Segment Start: Given data
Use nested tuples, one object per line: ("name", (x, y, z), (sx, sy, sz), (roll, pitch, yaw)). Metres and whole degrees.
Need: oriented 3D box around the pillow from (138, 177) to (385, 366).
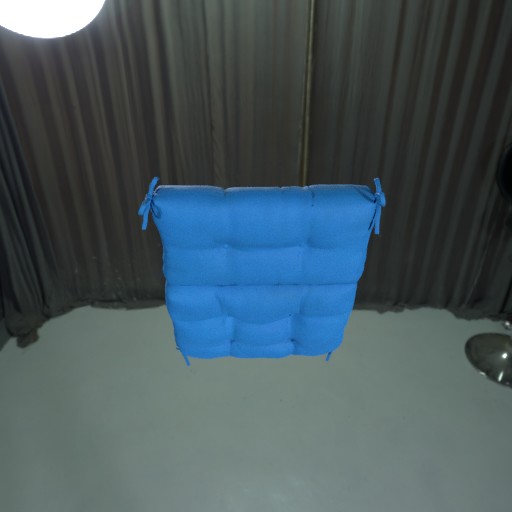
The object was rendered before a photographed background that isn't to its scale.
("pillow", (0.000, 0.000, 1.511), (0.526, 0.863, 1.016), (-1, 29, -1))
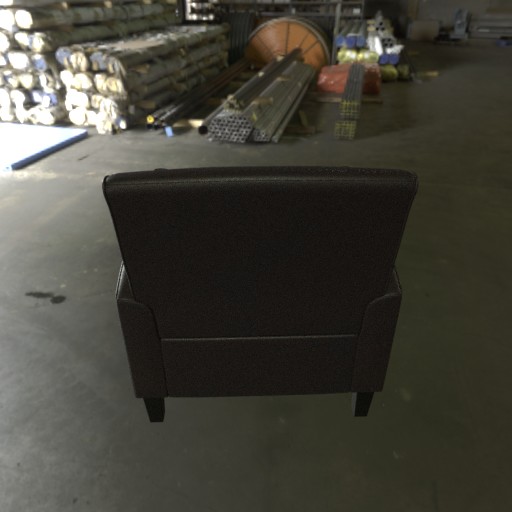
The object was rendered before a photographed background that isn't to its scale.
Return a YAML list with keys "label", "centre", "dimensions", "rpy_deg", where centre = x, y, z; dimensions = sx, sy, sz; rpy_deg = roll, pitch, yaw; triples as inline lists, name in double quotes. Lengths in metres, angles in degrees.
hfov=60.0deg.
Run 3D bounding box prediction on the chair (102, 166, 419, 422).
Segment End: Given data
Segment Start: Given data
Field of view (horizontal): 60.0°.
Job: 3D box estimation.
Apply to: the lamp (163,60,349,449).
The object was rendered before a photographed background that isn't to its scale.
Segment End: Given data
Segment Start: Given data
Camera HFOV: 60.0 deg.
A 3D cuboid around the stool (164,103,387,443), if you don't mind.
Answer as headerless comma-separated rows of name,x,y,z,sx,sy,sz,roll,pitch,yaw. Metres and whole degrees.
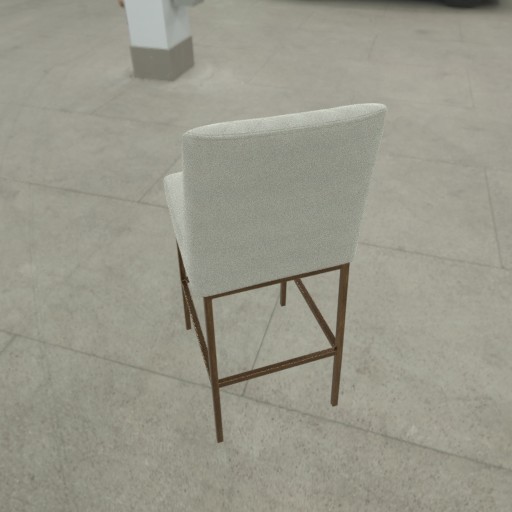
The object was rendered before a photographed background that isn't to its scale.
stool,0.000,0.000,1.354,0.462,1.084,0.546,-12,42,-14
Segment End: Given data
Copy each line of the entries that includes the word "whole".

Use nested tuples, one object per line: ("name", (x, y, z), (sx, sy, sz), (roll, pitch, yaw)). Metres and whole degrees.
Answer as headerless comma-separated rows of name,x,y,z,sx,sy,sz,roll,pitch,yaw. Metres and whole degrees.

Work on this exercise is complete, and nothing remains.